The problem, of course, being that there is a distinction between "status" discrimination and "behavior" discrimination. It is irrational to discriminate based on skin color, or indeed sexual orientation. It is not necessarily or axiomatically irrational to discriminate based on skin-color-based, or sexual-orientation-based BEHAVIOR.
Which is to say that if people of a particular skin color engage in socially unacceptable behavior as a function of the color of their, or another person's skin, it's completely rational for society to regulate and proscribe such behavior. The same is true of behavior related to sexual orientation. Society has every right to regulate sexual BEHAVIOR while still acknowledging that sexual ORIENTATION may be a "status" condition that the individual has no choice over.
They become objective truths when we take other moral questions into consideration; does being a certain skin colour harm another person? If yes, we need to ponder deeper into the question. If not, irrational prejudice seems likely to be objectively false.
Does a person's sexuality cause others harm? I have seen no credible argument that it does. Ergo, it seems more probable that an objective truth exists in not discrimination based on sexuality.
Inapt comparison. In the first case you are discussing a status condition (skin color) that in and of itself produces no inherent behaviors that might differ from any other acceptable or unacceptable social behavior that society might choose to regulate.

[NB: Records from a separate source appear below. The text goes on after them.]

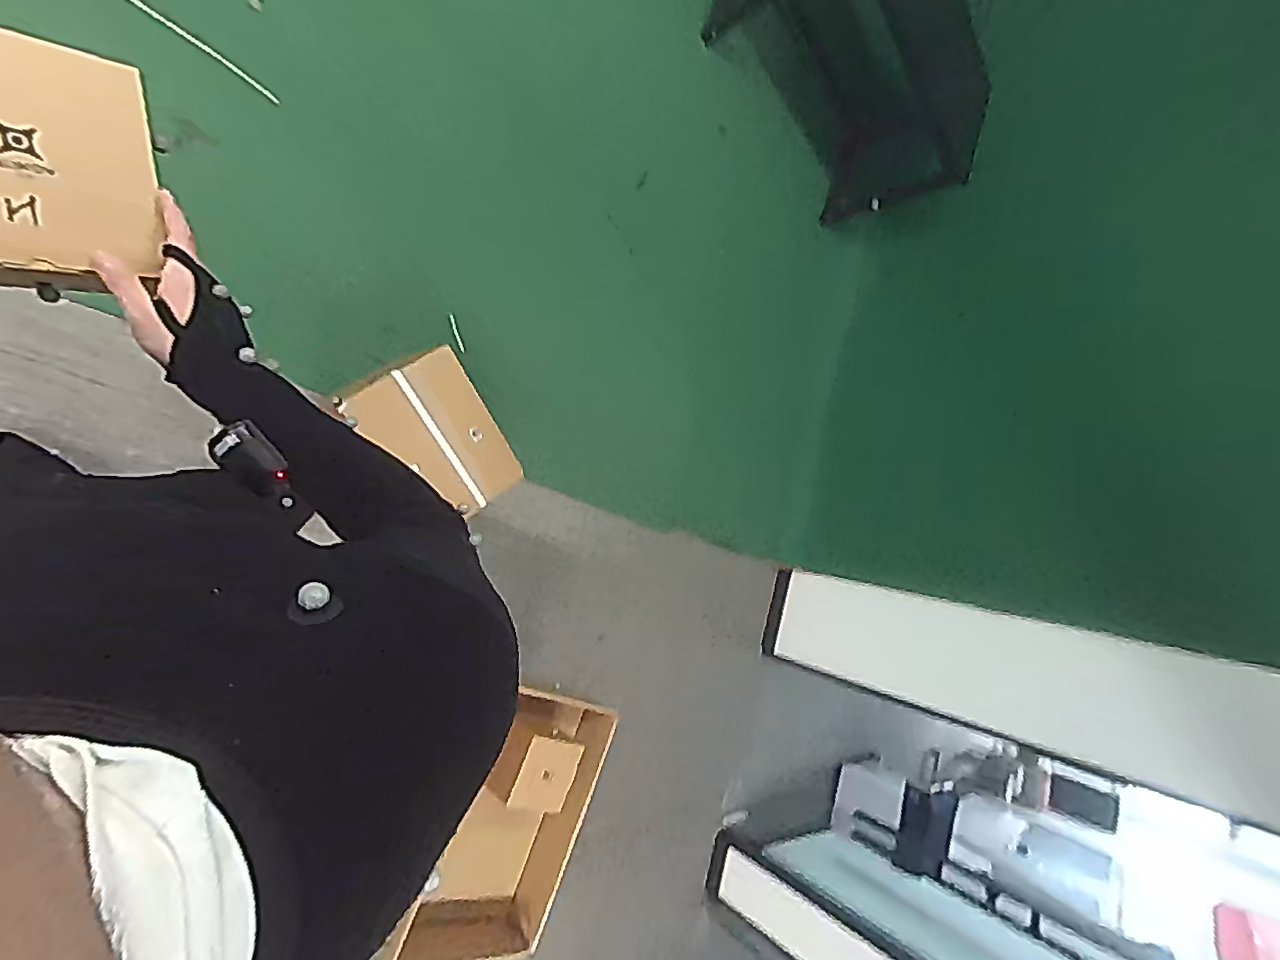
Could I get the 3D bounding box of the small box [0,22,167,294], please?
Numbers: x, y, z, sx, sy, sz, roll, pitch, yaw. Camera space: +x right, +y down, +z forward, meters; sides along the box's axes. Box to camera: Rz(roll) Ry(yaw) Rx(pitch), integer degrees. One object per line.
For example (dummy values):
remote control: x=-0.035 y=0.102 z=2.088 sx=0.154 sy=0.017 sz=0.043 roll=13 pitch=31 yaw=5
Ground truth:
small box: x=-0.542 y=-0.268 z=0.469 sx=0.168 sy=0.176 sz=0.179 roll=-12 pitch=107 yaw=-44

In the second case you are discussing "sexuality" which implies actual sexual behavior, not merely "sexual orientation" which is the status condition equivalent to skin color.

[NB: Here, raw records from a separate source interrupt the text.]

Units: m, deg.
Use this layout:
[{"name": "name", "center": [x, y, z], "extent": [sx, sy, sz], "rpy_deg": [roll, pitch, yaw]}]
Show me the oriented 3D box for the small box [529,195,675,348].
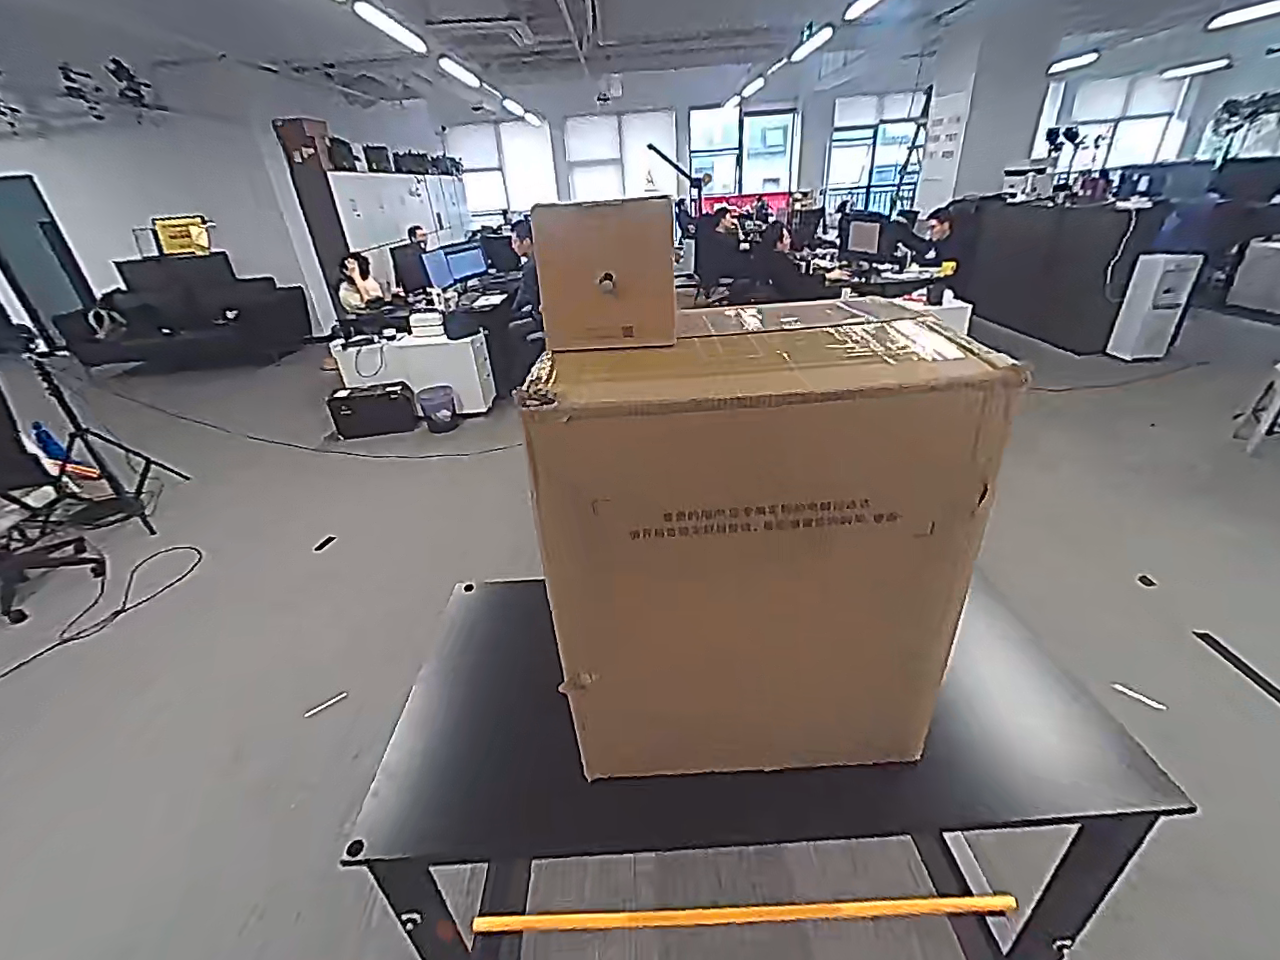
[{"name": "small box", "center": [-0.041, -0.276, 0.719], "extent": [0.168, 0.176, 0.179], "rpy_deg": [-3, 28, 1]}]
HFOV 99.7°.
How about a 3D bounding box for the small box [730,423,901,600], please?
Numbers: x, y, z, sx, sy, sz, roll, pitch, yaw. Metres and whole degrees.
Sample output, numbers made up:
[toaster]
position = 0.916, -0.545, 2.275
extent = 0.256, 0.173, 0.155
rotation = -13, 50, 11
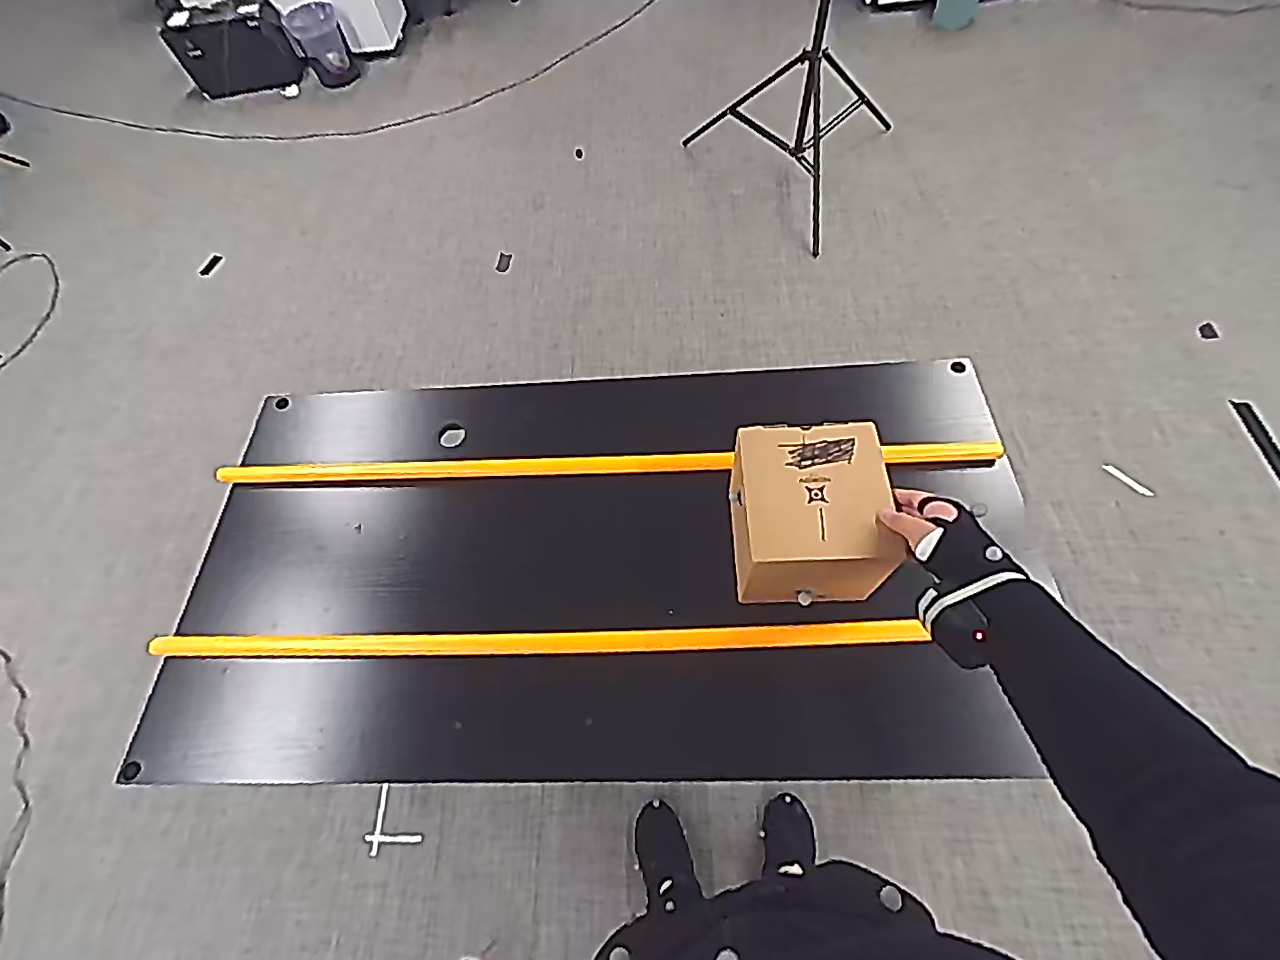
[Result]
[small box]
position = 0.208, 0.046, 0.697
extent = 0.168, 0.176, 0.179
rotation = -2, 62, 5

Therefore your argument fails on faulty premises.
The question then becomes "does a person's sexuality cause others harm?"

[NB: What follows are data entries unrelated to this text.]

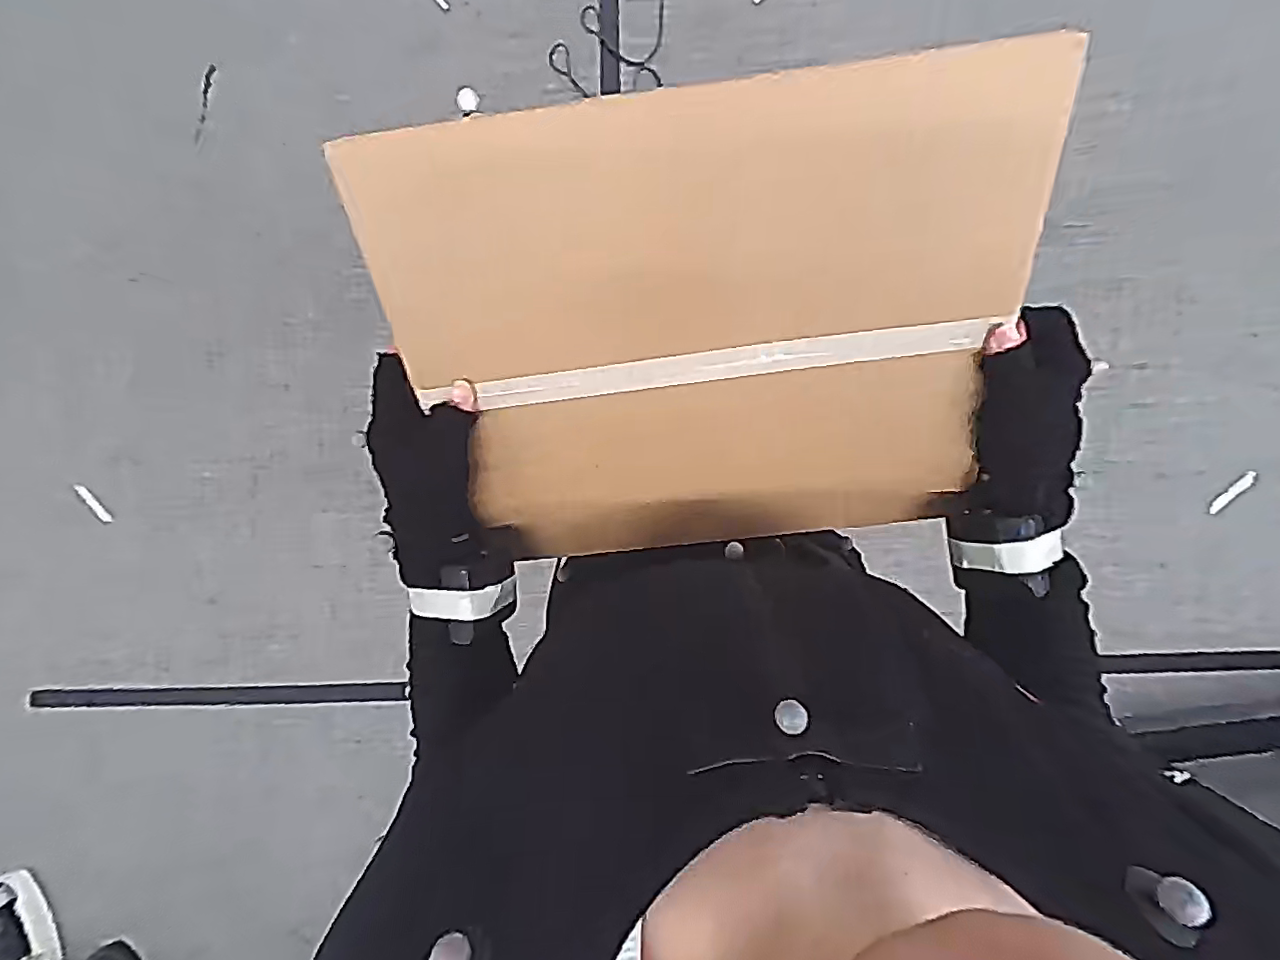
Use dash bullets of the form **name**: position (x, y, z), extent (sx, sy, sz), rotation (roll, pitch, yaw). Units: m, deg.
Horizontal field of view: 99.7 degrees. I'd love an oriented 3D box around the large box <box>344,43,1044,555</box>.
- **large box**: position (0.037, -0.164, 0.506), extent (0.408, 0.320, 0.320), rotation (-6, 125, 3)
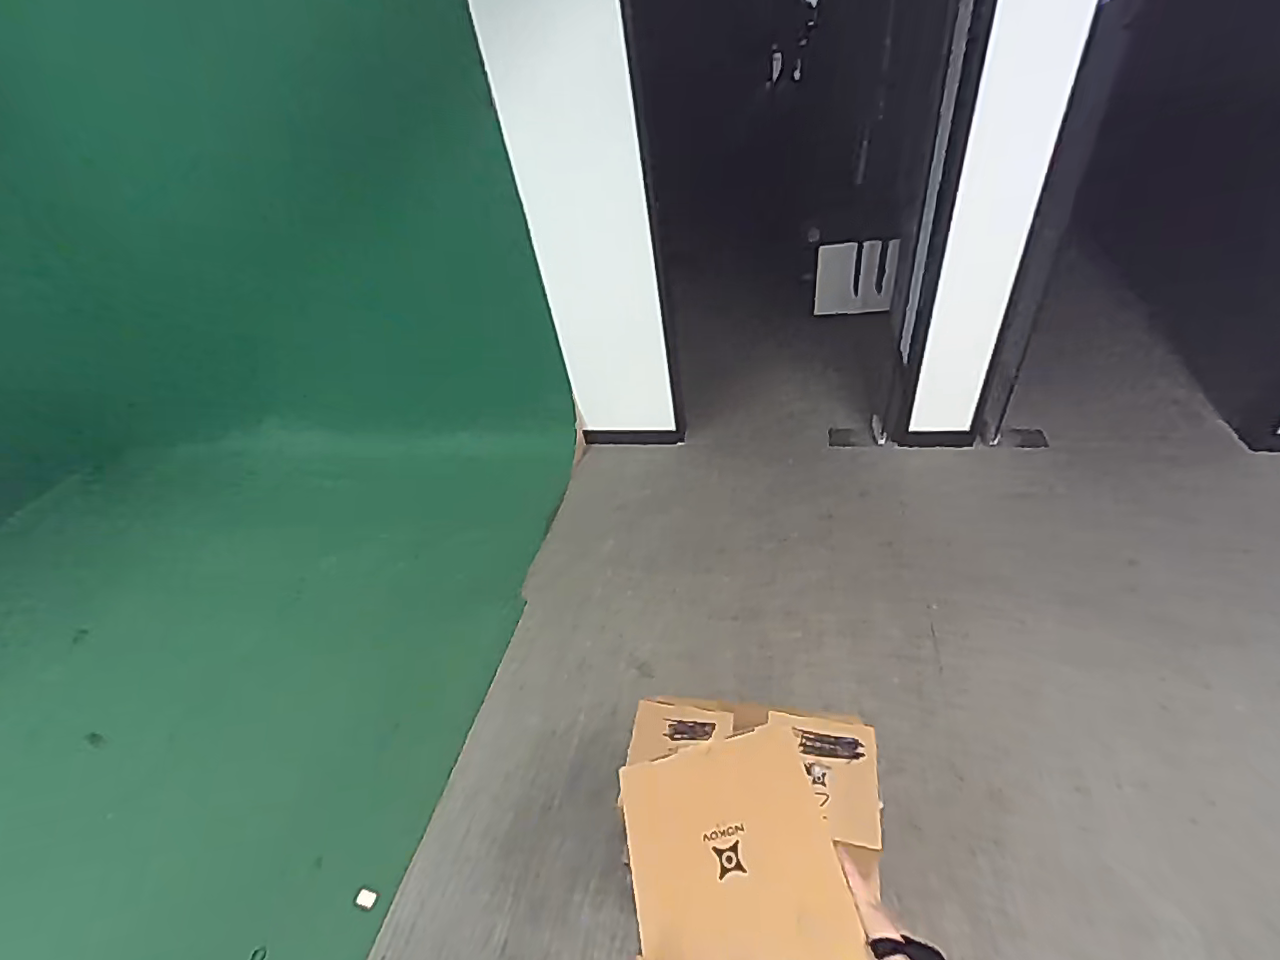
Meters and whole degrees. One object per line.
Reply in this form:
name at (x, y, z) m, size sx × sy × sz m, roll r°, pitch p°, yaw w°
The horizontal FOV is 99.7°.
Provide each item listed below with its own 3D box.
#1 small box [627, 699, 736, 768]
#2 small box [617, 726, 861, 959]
small box at (0.074, 0.510, 0.932) m, size 0.168 × 0.176 × 0.179 m, roll 3°, pitch 45°, yaw 15°
small box at (0.091, 0.363, 0.500) m, size 0.168 × 0.176 × 0.179 m, roll -19°, pitch 43°, yaw 5°

The obvious answer is "it can, then again perhaps not."
The corollary question becomes "what right does a society have to regulate expressions of sexuality?"
The answer to that has been, traditionally, "society has broad rights to regulate expressions of sexuality."
So, the next question becomes "is there a rational distinction to be drawn between regulating heterosexual sexuality and regulating homosexual sexuality that would grant moral suasion in regulating the latter in different ways or to a more severe extent?"
All these questions are related to the overall needs of society as a whole to maintain order and protect individual rights, so it becomes a complex analysis of sexual behavior on every side and a judgment on the part of society, as expressed through its political system, as to what acceptable sexual behavior consists of in the interests of preserving that particular society's structure and operation.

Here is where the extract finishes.